Maryann Krutsick, who lives in Fishers, is one of hundreds of people who signed a petition to "Stop censorship at Hamilton East Public Library."

They're asking for an end to an HEPL board policy of reshelving some books for teens.

"For me, it's having watched the library board start to make these decisions that are in a sense censoring books away from the teens because the teens have to go into the adult section, and that shouldn't be happening. That's not what a public library is for. That's what parents are for," Krutsick said. "This is censoring, and that's wrong. It's against the First Amendment. They're not supposed to censor literature, and that's what's happening."

"The Fault in Our Stars" put the board's policy in the international spotlight this past week. The book is now in limbo at the Fishers library — on the "hold" shelf. The popular young adult novel was sent to the adult section for content deemed "not age-appropriate" last month.

RELATED: Indiana author John Green upset over 'The Fault in Our Stars' being moved out of young adult section at Fishers library

But days after criticism from author and Indianapolis native John Green, it's on the move again, back to the teen section.

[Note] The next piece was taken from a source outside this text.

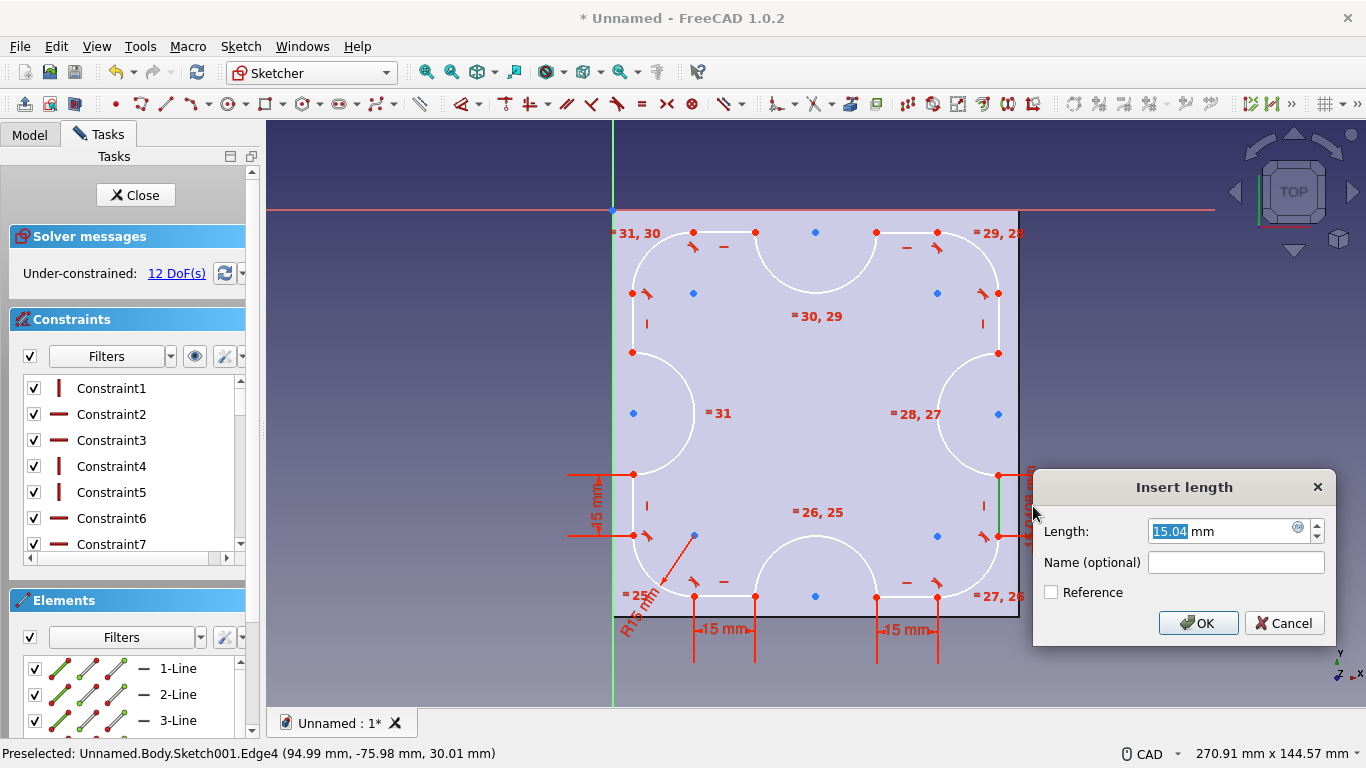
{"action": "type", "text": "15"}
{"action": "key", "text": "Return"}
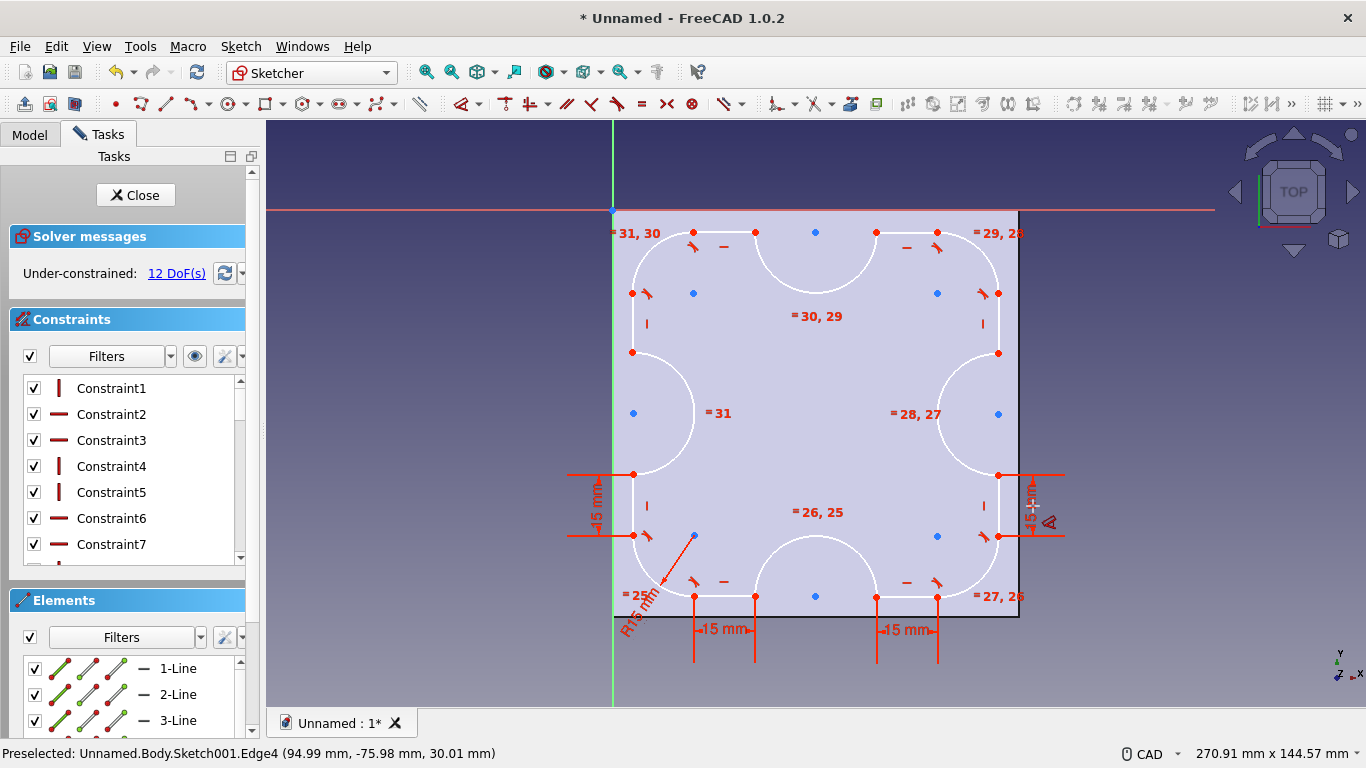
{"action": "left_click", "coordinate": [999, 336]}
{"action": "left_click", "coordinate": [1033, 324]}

"Oh, I think John Green's tweet basically had a lot to do with it," Krutsick said. "I'm going to be very honest. The sudden shift is because it's all over social media. And they don't like that, and that's exactly what it comes down to."

Credit: WTHR
Author John Green's "The Fault in our Stars" sits on a library shelf in Fishers, Ind.

The Hamilton East Library Board president, Laura Alerding, sent out a statement over the weekend, asking the book be put back on the teen shelves immediately. She blamed an "error" by library staff in implementing the board's collection development policy.

That policy, at an estimated cost of hundreds of thousands of dollars, has library staff examining thousands of books for sexual or violent content the board says shouldn't be shown to younger eyes.

According to board documents, at last month's meeting, the board said it has looked at 1,859 physical books so far. Of those, 1,385 of them were moved from the Young Adult section to the Adult or General section.

That's nearly 75% of the books reviewed.

RELATED: Fishers library board president cites 'error' in removing John Green's 'The Fault in Our Stars' from teen section

Some say moving this one novel back is not nearly enough.

"No, it's not enough," Krutsick said. "The policy needs to disappear. It needs to go back to the original policy that did protect the teens. They (the board) realize that they've done wrong, and right now, frankly, they're not adult enough to admit they've made the wrong decision, and so they're trying to replace it one by one, and that's not a good thing either."

Green asked on social media Monday, "What about my other books and hundreds of other YA titles? Award-winning classics of YA lit by everyone from Nic Stone to Judy Blume continue to be wrong shelved by a ridiculous policy that embarrasses Central Indiana. Change the policy not just for TFIOS, but for all."

Those who signed the "Stop Censorship" petition agree.

"I hope that they reverse the policy and that they go back to the old original policy like they should have and they stop trying to censor the teens in the library," Krustick said. 

RELATED: Why an Indiana library is pulling books from its shelves

13News reached out multiple times Monday with questions for the board president and the communications team for the Hamilton East Public Library.

Alerding didn't respond at all.

The director of marketing and communications would not answer 13News' questions, just referring us to a board meeting that's set for Thursday, Aug. 24 at 6:15 p.m. in Noblesville.

That's where this book review policy will be up for further discussion.